>>>

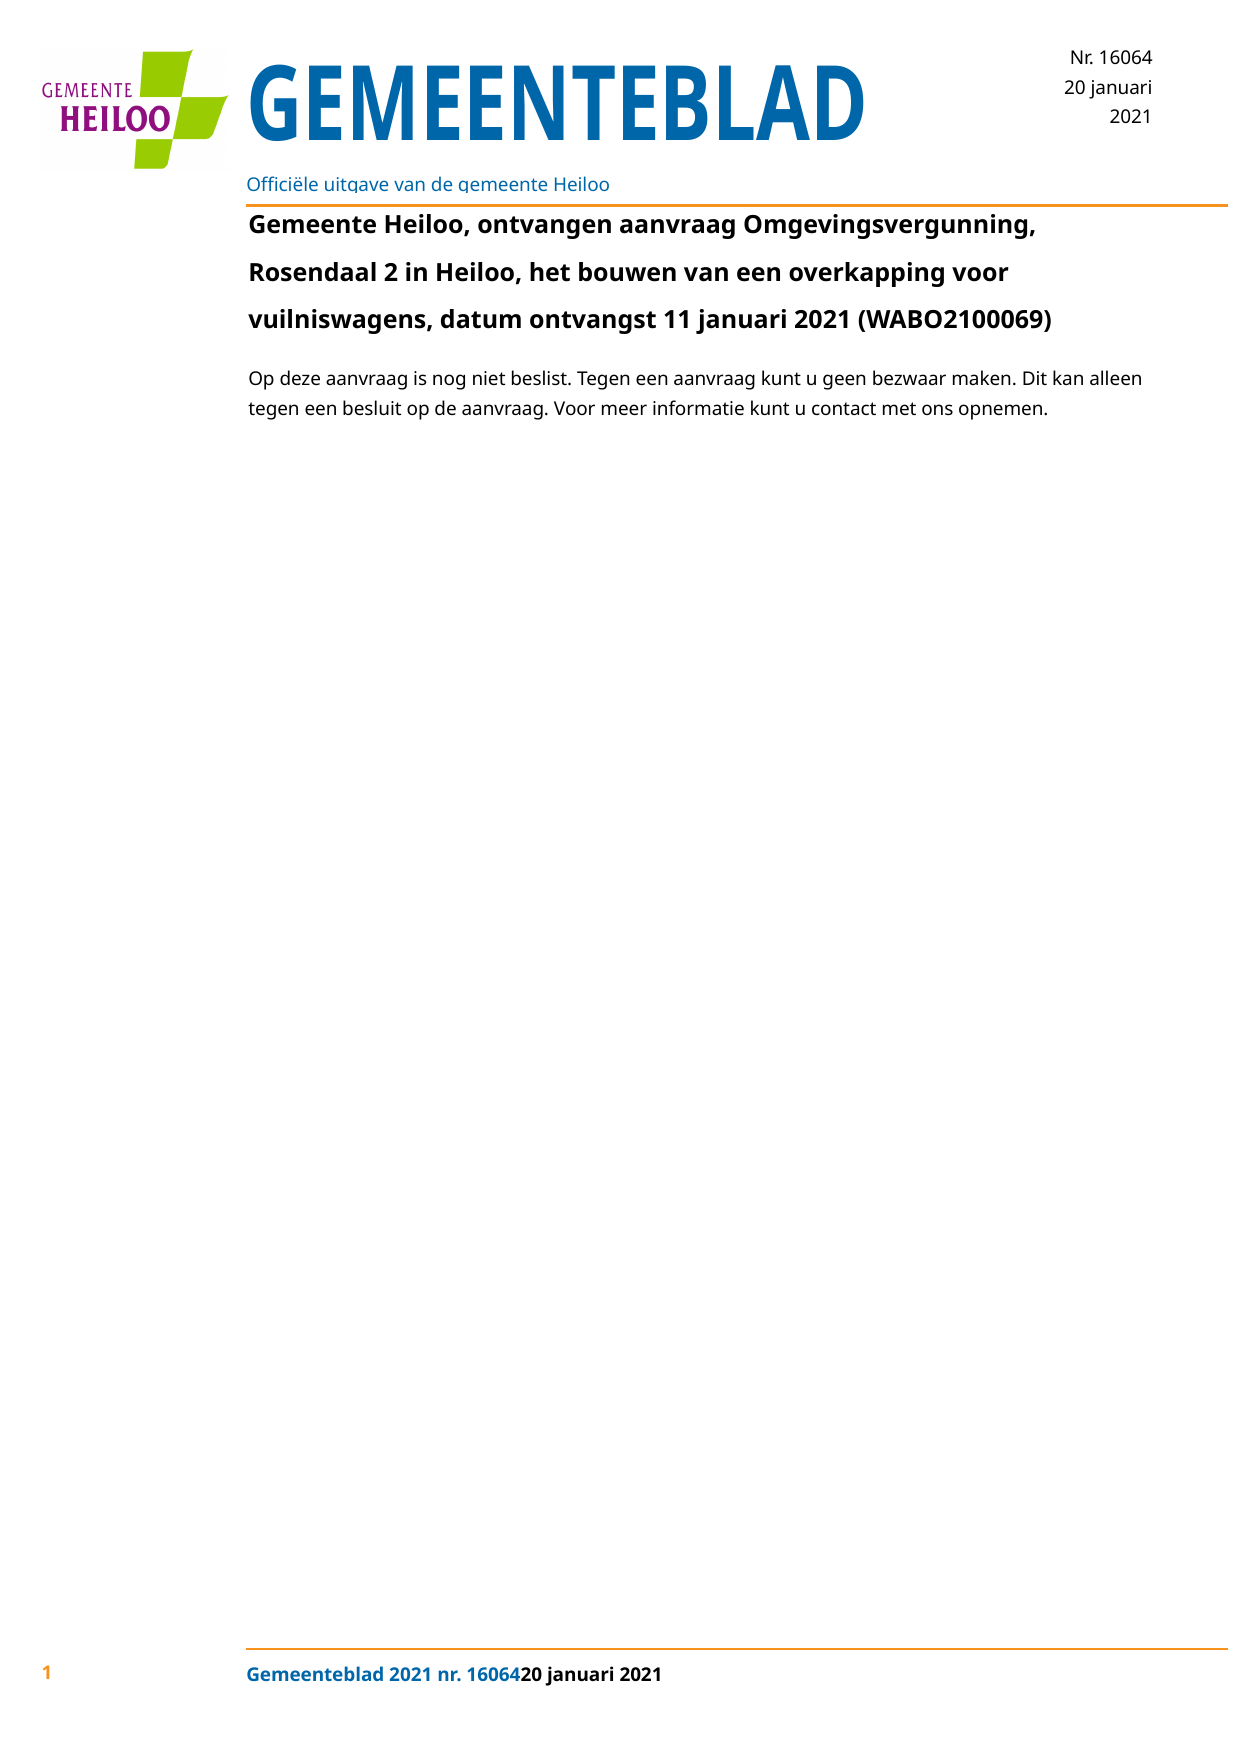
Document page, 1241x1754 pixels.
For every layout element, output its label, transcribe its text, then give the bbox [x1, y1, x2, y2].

text Op deze aanvraag is nog niet beslist. Tegen een aanvraag kunt u geen bezwaar maken. Dit kan alleen tegen een besluit op de aanvraag. Voor meer informatie kunt u contact met ons opnemen. [248, 366, 1152, 421]
picture [41, 47, 231, 172]
text Gemeente Heiloo, ontvangen aanvraag Omgevingsvergunning, Rosendaal 2 in Heiloo, het bouwen van een overkapping voor vuilniswagens, datum ontvangst 11 januari 2021 (WABO2100069) [248, 207, 1152, 336]

<<<

**TASK REQUIREMENTS:** From the first line to the last, retype the data exactly, but omit every image.

**TASK ANSWER:**
Document page, 1241x1754 pixels.
For every layout element, output its label, transcribe its text, then give the bbox [x1, y1, x2, y2].

text Op deze aanvraag is nog niet beslist. Tegen een aanvraag kunt u geen bezwaar maken. Dit kan alleen tegen een besluit op de aanvraag. Voor meer informatie kunt u contact met ons opnemen. [248, 366, 1152, 421]
picture [41, 47, 231, 172]
text Gemeente Heiloo, ontvangen aanvraag Omgevingsvergunning, Rosendaal 2 in Heiloo, het bouwen van een overkapping voor vuilniswagens, datum ontvangst 11 januari 2021 (WABO2100069) [248, 207, 1152, 336]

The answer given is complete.